How can I avoid text for an XML document in Perl?

Does anyone know of any Perl module for removing text in an XML document?

I am creating XML that will contain the text entered by the user. I want to process the text correctly so that the resulting XML is well formed.

+3
source share
9 answers

I personally prefer XML :: LibXML - Perl binding for libxml. One of the pros - it uses one of the fastest XML processing libraries. Here is an example of creating node text:

use XML::LibXML; my $doc = XML::LibXML::Document->new('1.0',$some_encoding); my $element = $doc->createElement($name); $element->appendText($text); $xml_fragment = $element->toString(); $xml_document = $doc->toString(); 

And never, never, never create XML manually. It will be bad for your health when people find out what you have done.

+9
source

I'm not sure why you need to avoid the text that is in the XML file. If your file contains:

 <foo>x < y</foo> 

The file is not an XML file, despite the spread of angle brackets. The XML file must contain valid data meaning something like this:

 <foo>x &lt; y</foo> 

or

 <foo><![CDATA[x < y]]></foo> 

Therefore, either:

  • You do not request escaping data in an XML file. Rather, you want to figure out how to put character data in an XML file so that the resulting file is valid XML; or

  • You have some data in an XML file that needs to be deleted for some other reason.

Care for details?

+8
source

XML :: Simple escape_value can also be used, but using new versions for XML :: Simple is not recommended. View this post 17436965.

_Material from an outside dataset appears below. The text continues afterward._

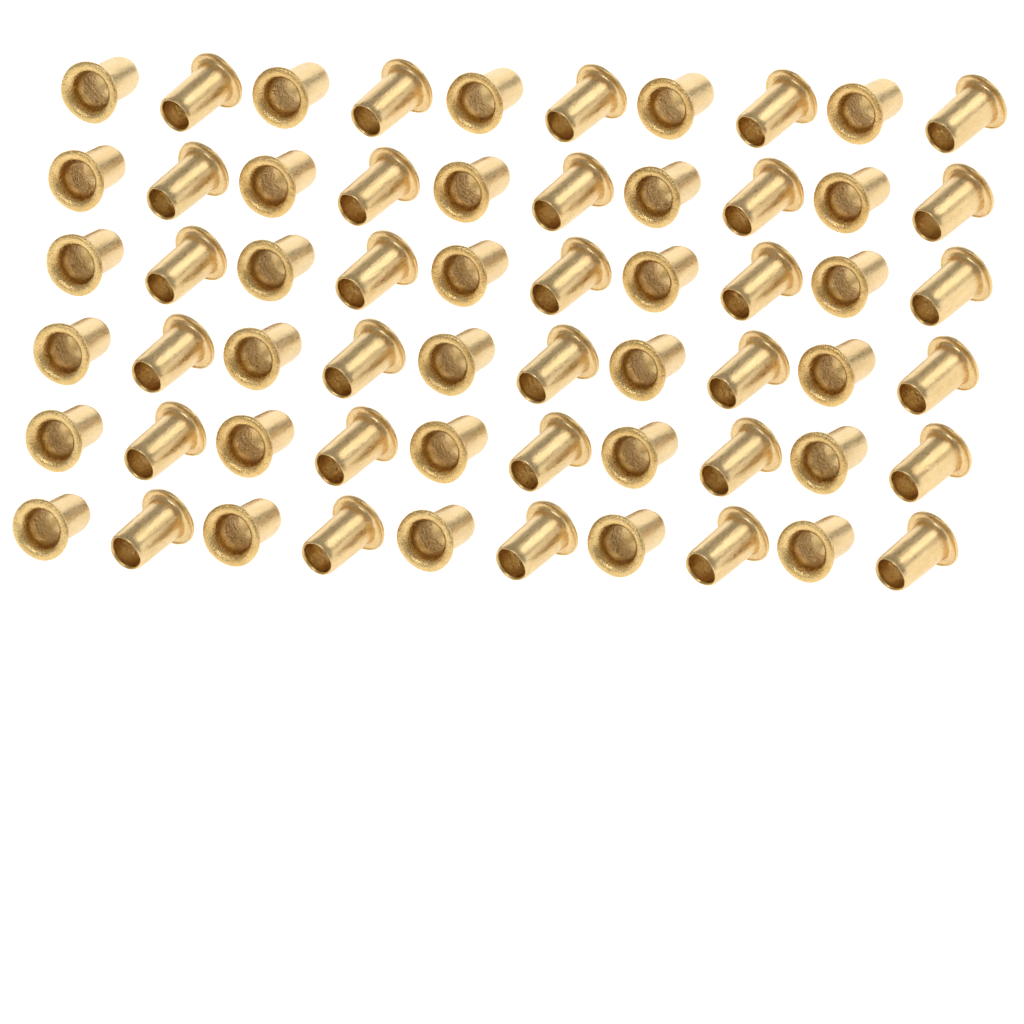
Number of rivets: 60

Manual shutdown can be done using a regular expression (copied from escape_value):

 $data =~ s/&/&amp;/sg; $data =~ s/</&lt;/sg; $data =~ s/>/&gt;/sg; $data =~ s/"/&quot;/sg; 
+8
source

Use XML :: Code .

From CPAN

XML :: code escape ()

Normally, any node content will be escaped during rendering (that is, special characters such as '&' will be replaced with the corresponding objects). Call escape () with a null argument to prevent it:

  my $p = XML::Code->('p'); $p->set_text ("&#8212;"); $p->escape (0); print $p->code(); # prints <p>&#8212;</p> $p->escape (1); print $p->code(); # prints <p>&amp;#8212;</p> 
+6
source

XML :: Entities :

 use XML::Entities; my $a_encoded = XML::Entities::numify('all', $a); 

Edit: XML :: Objects only number HTML objects. Use HTML :: Entities encode_entities ($ a) instead

+3
source

Use

XML :: Generator

XML :: Generator required;

my $ xml = XML :: Generator-> new (': pretty', escape => 'always, apos');

print $ xml-> h1 ("& <> non-html plain text <> &");

which will print all content inside escaped tags (no markup conflicts).

+3
source

After checking the XML :: Code, as recommended by Krish, I found that this can be done using the XML :: Code text() function. For instance.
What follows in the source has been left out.